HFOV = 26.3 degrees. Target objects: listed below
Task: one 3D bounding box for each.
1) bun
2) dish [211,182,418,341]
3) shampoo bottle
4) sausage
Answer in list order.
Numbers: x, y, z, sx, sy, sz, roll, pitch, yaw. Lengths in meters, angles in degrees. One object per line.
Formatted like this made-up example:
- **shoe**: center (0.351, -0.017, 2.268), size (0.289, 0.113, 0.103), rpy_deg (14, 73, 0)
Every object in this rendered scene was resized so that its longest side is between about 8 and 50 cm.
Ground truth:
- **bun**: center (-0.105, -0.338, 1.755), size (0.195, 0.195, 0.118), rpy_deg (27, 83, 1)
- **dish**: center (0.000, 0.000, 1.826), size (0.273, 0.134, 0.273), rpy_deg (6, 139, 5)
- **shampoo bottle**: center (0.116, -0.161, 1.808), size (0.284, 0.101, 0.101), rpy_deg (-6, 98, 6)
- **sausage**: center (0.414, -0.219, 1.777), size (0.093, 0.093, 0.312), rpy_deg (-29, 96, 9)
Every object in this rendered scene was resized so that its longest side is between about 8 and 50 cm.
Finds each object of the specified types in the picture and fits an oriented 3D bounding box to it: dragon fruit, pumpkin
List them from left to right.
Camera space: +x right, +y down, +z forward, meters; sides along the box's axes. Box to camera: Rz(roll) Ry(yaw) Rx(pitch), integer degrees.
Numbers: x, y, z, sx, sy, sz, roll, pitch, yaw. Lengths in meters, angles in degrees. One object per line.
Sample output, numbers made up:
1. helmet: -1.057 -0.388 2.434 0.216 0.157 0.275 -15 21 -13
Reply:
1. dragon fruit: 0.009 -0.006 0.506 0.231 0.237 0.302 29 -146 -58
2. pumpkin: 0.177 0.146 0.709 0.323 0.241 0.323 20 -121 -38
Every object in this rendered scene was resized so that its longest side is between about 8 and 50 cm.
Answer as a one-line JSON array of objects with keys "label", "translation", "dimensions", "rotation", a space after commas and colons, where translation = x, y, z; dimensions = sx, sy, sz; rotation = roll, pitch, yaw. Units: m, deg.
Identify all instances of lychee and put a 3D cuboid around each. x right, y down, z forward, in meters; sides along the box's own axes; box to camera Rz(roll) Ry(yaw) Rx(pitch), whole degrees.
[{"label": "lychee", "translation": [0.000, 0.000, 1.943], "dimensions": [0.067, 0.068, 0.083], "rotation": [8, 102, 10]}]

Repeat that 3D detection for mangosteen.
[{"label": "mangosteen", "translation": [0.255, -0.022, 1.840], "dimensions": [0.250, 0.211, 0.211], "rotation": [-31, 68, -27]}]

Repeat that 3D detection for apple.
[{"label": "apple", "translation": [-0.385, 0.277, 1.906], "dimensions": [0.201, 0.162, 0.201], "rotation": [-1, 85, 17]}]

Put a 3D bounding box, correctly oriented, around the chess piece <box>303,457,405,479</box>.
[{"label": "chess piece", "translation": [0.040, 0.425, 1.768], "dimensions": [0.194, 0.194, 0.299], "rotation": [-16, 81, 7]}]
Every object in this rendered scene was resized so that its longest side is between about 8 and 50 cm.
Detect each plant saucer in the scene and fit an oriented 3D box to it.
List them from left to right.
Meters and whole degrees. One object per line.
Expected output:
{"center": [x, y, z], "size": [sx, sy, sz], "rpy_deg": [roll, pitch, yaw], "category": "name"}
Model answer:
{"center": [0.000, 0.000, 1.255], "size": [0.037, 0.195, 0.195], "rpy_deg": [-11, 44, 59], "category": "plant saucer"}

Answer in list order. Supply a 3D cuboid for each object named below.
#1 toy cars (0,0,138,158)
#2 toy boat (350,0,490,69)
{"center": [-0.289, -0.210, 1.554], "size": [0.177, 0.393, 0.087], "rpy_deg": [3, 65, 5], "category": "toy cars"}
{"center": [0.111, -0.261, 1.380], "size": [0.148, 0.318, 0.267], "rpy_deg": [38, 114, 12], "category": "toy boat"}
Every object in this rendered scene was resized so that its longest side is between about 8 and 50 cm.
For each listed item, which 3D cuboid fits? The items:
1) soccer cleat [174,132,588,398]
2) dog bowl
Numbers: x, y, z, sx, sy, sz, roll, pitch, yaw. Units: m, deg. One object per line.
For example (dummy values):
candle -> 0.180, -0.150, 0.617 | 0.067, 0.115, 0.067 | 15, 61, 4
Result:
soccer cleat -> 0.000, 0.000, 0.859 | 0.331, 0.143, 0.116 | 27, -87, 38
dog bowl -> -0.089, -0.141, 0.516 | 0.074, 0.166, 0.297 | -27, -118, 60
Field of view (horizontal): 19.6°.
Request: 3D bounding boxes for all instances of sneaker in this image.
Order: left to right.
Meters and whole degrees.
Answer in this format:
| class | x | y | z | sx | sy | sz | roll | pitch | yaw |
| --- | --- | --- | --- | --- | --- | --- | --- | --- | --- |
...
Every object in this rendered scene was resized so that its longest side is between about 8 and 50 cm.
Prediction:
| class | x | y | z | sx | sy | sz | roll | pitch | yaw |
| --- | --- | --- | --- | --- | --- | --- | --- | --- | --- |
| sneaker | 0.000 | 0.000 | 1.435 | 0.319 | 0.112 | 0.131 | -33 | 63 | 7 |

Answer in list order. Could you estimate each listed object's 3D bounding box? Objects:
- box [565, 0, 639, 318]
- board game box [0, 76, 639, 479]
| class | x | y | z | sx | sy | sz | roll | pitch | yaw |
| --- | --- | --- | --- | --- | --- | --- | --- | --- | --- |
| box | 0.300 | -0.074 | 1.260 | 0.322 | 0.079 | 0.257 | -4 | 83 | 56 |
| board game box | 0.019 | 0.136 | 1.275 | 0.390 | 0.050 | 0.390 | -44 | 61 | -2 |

======

- Assignment -
Every record above must be printed again exactly.

- Response to this exercise -
HFOV = 26.3 degrees. Target objects: listed below
Task: one 3D bounding box for each.
1) bun
2) dish [211,182,418,341]
3) shampoo bottle
4) sausage
Answer in list order.
Numbers: x, y, z, sx, sy, sz, roll, pitch, yaw. Lengths in meters, angles in degrees. One object per line.
Formatted like this made-up example:
- **shoe**: center (0.351, -0.017, 2.268), size (0.289, 0.113, 0.103), rpy_deg (14, 73, 0)
Every object in this rendered scene was resized so that its longest side is between about 8 and 50 cm.
Ground truth:
- **bun**: center (-0.105, -0.338, 1.755), size (0.195, 0.195, 0.118), rpy_deg (27, 83, 1)
- **dish**: center (0.000, 0.000, 1.826), size (0.273, 0.134, 0.273), rpy_deg (6, 139, 5)
- **shampoo bottle**: center (0.116, -0.161, 1.808), size (0.284, 0.101, 0.101), rpy_deg (-6, 98, 6)
- **sausage**: center (0.414, -0.219, 1.777), size (0.093, 0.093, 0.312), rpy_deg (-29, 96, 9)
Every object in this rendered scene was resized so that its longest side is between about 8 and 50 cm.
Finds each object of the specified types in the picture and fits an oriented 3D bounding box to it: dragon fruit, pumpkin
List them from left to right.
Camera space: +x right, +y down, +z forward, meters; sides along the box's axes. Box to camera: Rz(roll) Ry(yaw) Rx(pitch), integer degrees.
Numbers: x, y, z, sx, sy, sz, roll, pitch, yaw. Lengths in meters, angles in degrees. One object per line.
Sample output, numbers made up:
1. helmet: -1.057 -0.388 2.434 0.216 0.157 0.275 -15 21 -13
Reply:
1. dragon fruit: 0.009 -0.006 0.506 0.231 0.237 0.302 29 -146 -58
2. pumpkin: 0.177 0.146 0.709 0.323 0.241 0.323 20 -121 -38
Every object in this rendered scene was resized so that its longest side is between about 8 and 50 cm.
Answer as a one-line JSON array of objects with keys "label", "translation", "dimensions", "rotation", a space after commas and colons, where translation = x, y, z; dimensions = sx, sy, sz; rotation = roll, pitch, yaw. Units: m, deg.
Identify all instances of lychee and put a 3D cuboid around each. x right, y down, z forward, in meters; sides along the box's own axes; box to camera Rz(roll) Ry(yaw) Rx(pitch), whole degrees.
[{"label": "lychee", "translation": [0.000, 0.000, 1.943], "dimensions": [0.067, 0.068, 0.083], "rotation": [8, 102, 10]}]

Repeat that 3D detection for mangosteen.
[{"label": "mangosteen", "translation": [0.255, -0.022, 1.840], "dimensions": [0.250, 0.211, 0.211], "rotation": [-31, 68, -27]}]

Repeat that 3D detection for apple.
[{"label": "apple", "translation": [-0.385, 0.277, 1.906], "dimensions": [0.201, 0.162, 0.201], "rotation": [-1, 85, 17]}]

Put a 3D bounding box, correctly oriented, around the chess piece <box>303,457,405,479</box>.
[{"label": "chess piece", "translation": [0.040, 0.425, 1.768], "dimensions": [0.194, 0.194, 0.299], "rotation": [-16, 81, 7]}]
Every object in this rendered scene was resized so that its longest side is between about 8 and 50 cm.
Detect each plant saucer in the scene and fit an oriented 3D box to it.
List them from left to right.
Meters and whole degrees. One object per line.
Expected output:
{"center": [x, y, z], "size": [sx, sy, sz], "rpy_deg": [roll, pitch, yaw], "category": "name"}
Model answer:
{"center": [0.000, 0.000, 1.255], "size": [0.037, 0.195, 0.195], "rpy_deg": [-11, 44, 59], "category": "plant saucer"}

Answer in list order. Supply a 3D cuboid for each object named below.
#1 toy cars (0,0,138,158)
#2 toy boat (350,0,490,69)
{"center": [-0.289, -0.210, 1.554], "size": [0.177, 0.393, 0.087], "rpy_deg": [3, 65, 5], "category": "toy cars"}
{"center": [0.111, -0.261, 1.380], "size": [0.148, 0.318, 0.267], "rpy_deg": [38, 114, 12], "category": "toy boat"}
Every object in this rendered scene was resized so that its longest side is between about 8 and 50 cm.
For each listed item, which 3D cuboid fits? The items:
1) soccer cleat [174,132,588,398]
2) dog bowl
Numbers: x, y, z, sx, sy, sz, roll, pitch, yaw. Units: m, deg. One object per line.
For example (dummy values):
candle -> 0.180, -0.150, 0.617 | 0.067, 0.115, 0.067 | 15, 61, 4
Result:
soccer cleat -> 0.000, 0.000, 0.859 | 0.331, 0.143, 0.116 | 27, -87, 38
dog bowl -> -0.089, -0.141, 0.516 | 0.074, 0.166, 0.297 | -27, -118, 60
Field of view (horizontal): 19.6°.
Request: 3D bounding boxes for all instances of sneaker in this image.
Order: left to right.
Meters and whole degrees.
Answer in this format:
| class | x | y | z | sx | sy | sz | roll | pitch | yaw |
| --- | --- | --- | --- | --- | --- | --- | --- | --- | --- |
...
Every object in this rendered scene was resized so that its longest side is between about 8 and 50 cm.
Prediction:
| class | x | y | z | sx | sy | sz | roll | pitch | yaw |
| --- | --- | --- | --- | --- | --- | --- | --- | --- | --- |
| sneaker | 0.000 | 0.000 | 1.435 | 0.319 | 0.112 | 0.131 | -33 | 63 | 7 |

Answer in list order. Could you estimate each listed object's 3D bounding box? Objects:
- box [565, 0, 639, 318]
- board game box [0, 76, 639, 479]
| class | x | y | z | sx | sy | sz | roll | pitch | yaw |
| --- | --- | --- | --- | --- | --- | --- | --- | --- | --- |
| box | 0.300 | -0.074 | 1.260 | 0.322 | 0.079 | 0.257 | -4 | 83 | 56 |
| board game box | 0.019 | 0.136 | 1.275 | 0.390 | 0.050 | 0.390 | -44 | 61 | -2 |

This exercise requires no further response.